Une vingtaine de participants, tous sourire aux lèvres, découvrent ou redécouvrent la sensation de la course. Mardi 9 avril, malgré la pluie, des patients de tous âges ont sillonné le stade US Talence et ses alentours.
L’organisateur de cet évènement : l’entreprise Proteor, qui développe des solutions d’appareillages et de composants orthopédiques afin d’aider les personnes amputées à mieux vivre avec leur handicap. L’objectif ? Organiser une journée d’essais encadrés de lames de course pour les personnes amputées tibiales et fémorales. Car les prothèses de la vie quotidienne ne permettent pas de courir, contrairement aux lames spécifiques développées par la société.

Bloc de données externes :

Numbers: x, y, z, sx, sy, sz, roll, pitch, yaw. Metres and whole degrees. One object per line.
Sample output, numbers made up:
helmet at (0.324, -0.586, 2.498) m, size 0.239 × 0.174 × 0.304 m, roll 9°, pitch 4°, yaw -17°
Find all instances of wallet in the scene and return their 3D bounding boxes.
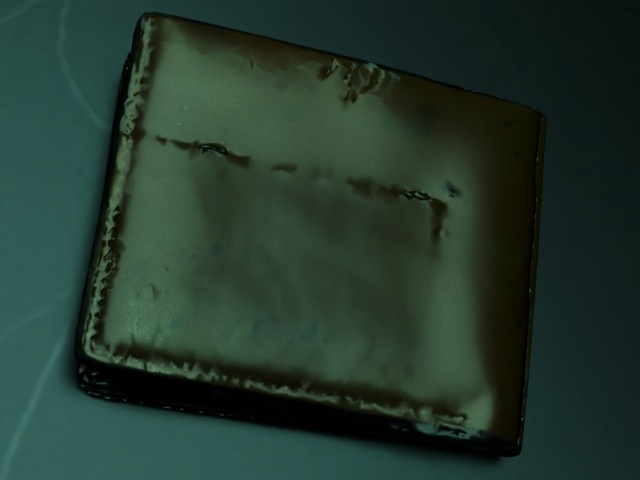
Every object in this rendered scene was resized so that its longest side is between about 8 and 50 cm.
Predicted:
wallet at (-0.001, 0.000, 0.782) m, size 0.195 × 0.042 × 0.161 m, roll 10°, pitch 77°, yaw -13°

Au niveau des sensations, ça n’a rien à voir
« J’en ai pleuré », sourit Nicolas Perrier-Basly. Le jeune homme de 20 ans, amputé de sa jambe droite en janvier dernier suite à un accident de moto, a redécouvert la sensation de faire de la course et de s’entraîner. Très sportif, il était, avant son accident, en formation pour intégrer l’armée de l’air et devenir pilote de chasse. Toujours en rééducation au Centre de la Tour de Gassies, à Bruges, non loin de Bordeaux, ce sont les équipes de ce dernier qui l’ont poussé à participer à l’évènement. « Mais je savais que ça allait me plaire », rit-il. « Au niveau des sensations, ça n’a rien à voir. Tu passes d’un équipement fait pour la vie quotidienne à un équipement fait pour la performance ». Le jeune homme souligne « la propulsion » et « le rebond », possibles grâce à cette lame, encore plus efficaces qu’avec une jambe valide.
Composée en fibres de verre et de carbone, la lame testée à Talence est destinée aux personnes amputées qui souhaitent retrouver une activité sportive, quel que soit leur niveau. Proteor, entreprise familiale basée en Bourgogne, organise régulièrement ce type d’évènement dans toute la France. « À Bordeaux, on en organise quasiment tous les ans », explique Alexandra Houiste, responsable marketing de la société. Comme Nicolas, la plupart des patients qui s’y rendent, y ont été envoyés par leur centre de rééducation ou leurs orthopédistes.
Entre 7 000 et 16 000 euros
Les potentiels utilisateurs font cependant face à un problème de taille. Contrairement aux prothèses de la vie quotidienne, ces équipements dédiés au sport ne sont pas remboursés par la Sécurité sociale, car non considérés comme nécessaires. Et il faut compter environ 7.000 euros pour une prothèse tibiale et 16.000 euros pour une prothèse fémorale dans le cas de Proteor.
Afin de permettre aux mieux les patients à acquérir ces équipements, l’entreprise met en relation les patients avec des associations ou des fonds de dotation comme Génération Avant-Garde. Ce projet de solidarité bordelais vise à donner accès au sport au plus grand nombre, et s’adresse aux personnes valides ou handicapées. Pour fournir des fonds aux patients qui ont recours à leurs services, Génération Avant-Garde organise des évènements, ou compte sur le soutient d’entreprises ou de particuliers. Mais les procédures sont longues, et les dossiers ne sont pas toujours acceptés.
« Pouvoir se reconstruire »
Thomas Garcia, 41 ans, s’est rendu à l’évènement pour « essayer de trouver des financements auprès de Génération Avant-Garde ». Après un accident du travail en juin 2022, alors qu’il était « chef d’entreprise dans le bâtiment », sa jambe droite a du lui être retirée « en urgence ». « Très sportif » de nature et compétiteur, le quarantenaire aurait également besoin d’une lame, afin de pouvoir performer dans les meilleures conditions. S’il avait déjà participé à une journée organisée dans sa ville d’origine Clermont-Ferrand, il a pu cette fois courir « 5 ou 6 kilomètres » avec la lame. Bien plus que le simple « test » de la première fois.
« Ces journées sont très importante pour nous », affirme Sophie Loubet, marraine de Génération Avant-Garde, également présente lors de la rencontre. « On attend tous les patients pour pouvoir essayer les prothèses […] Il y en a beaucoup qui sont venus sans même savoir qu’ils allaient pouvoir arriver à courir. Et il faut pouvoir leur donner cette prothèse, pour qu’ils puissent continuer à se reconstruire ».